The author of this article is William Healing, family law partner at Kingsley Napley. He is writing about a recent high-profile law case raising major issues for wealth planning. The views expressed aren’t necessarily the same as those of this publication but the editors here are pleased to share these expert insights.

Media reporting of divorce financial cases is troublesome. It is difficult for the parties, who are often high-profile as well as high-net-worth, their advisors and the media.

Do wealthy parties, as the judge put it in this summer’s case of Cooper-Hohn v  Hohn (the divorce of the billionaire hedge fund manager and philanthropist by his American chief executive wife), want their finances splashed in the newspapers on the nation’s breakfast tables the next morning? The answer is of course not, but in practice these days they rarely have a choice.

Traditionally, press members and the public were not allowed to cross the threshold of the court-room door in family law cases. But a new open door policy introduced in 2009 permitted accredited members of the media to sit in on family law cases. The brother of Diana Princess of Wales, Earl Spencer, together with his wife tried unsuccessfully to exclude the press from the court room when the new rules arrived. Simply being a public figure, the Court said was no justification to shutting the door to the media.

The trouble is deeper, however, than whether journalists can always come in to court. No-one is yet clear on how much they can actually report.
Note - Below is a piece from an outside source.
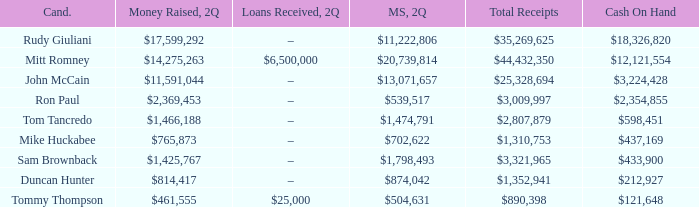Tell me the money raised when 2Q has total receipts of $890,398 $461,555. 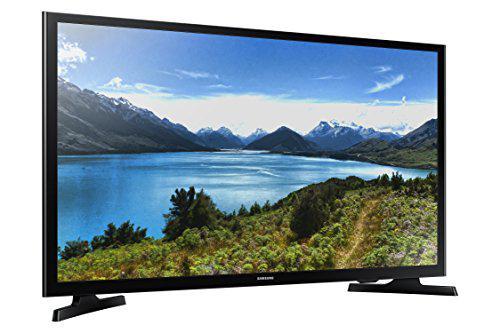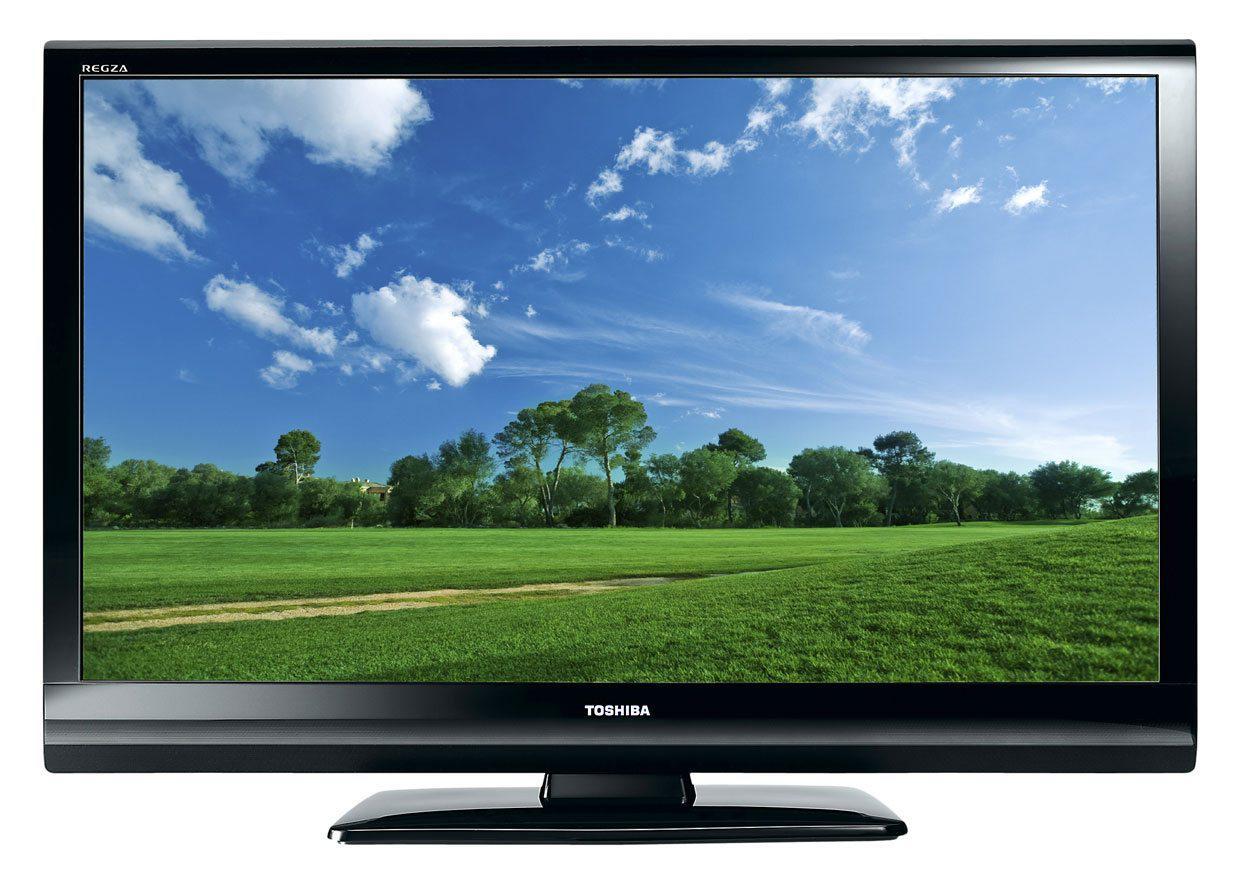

The door is therefore ajar rather than fully open.

This all provides a recipe for confusion when the media want to report big-ticket high value divorce cases so it’s hardly surprising that Sir Chris Hohn tried to test the parameters.

In July this year his lawyers made an application for a ban on press reporting of his financial details which were necessarily on the table as part of the financial settlement of his divorce.  The press were already aware of and had reported the basic facts of the marriage- vast personal wealth in excess of £1 billion – likely to make the divorce settlement the biggest in English legal history. The question was how much detail about his assets and company finances the press could report.

In the event the Judge (Mrs Justice Roberts) recognised there was a legitimate public interest in the case due to the Husband pleading exceptional contribution (he argued that his exceptional talent (“genius”) justifies an extra share of the assets over and above 50 per cent which is often now the norm in English divorce awards since the House of Lords decision [White] in 2000). She refused to impose a “blanket ban” on the reporting of the case but prohibited coverage of certain “confidential and commercially sensitive financial information”.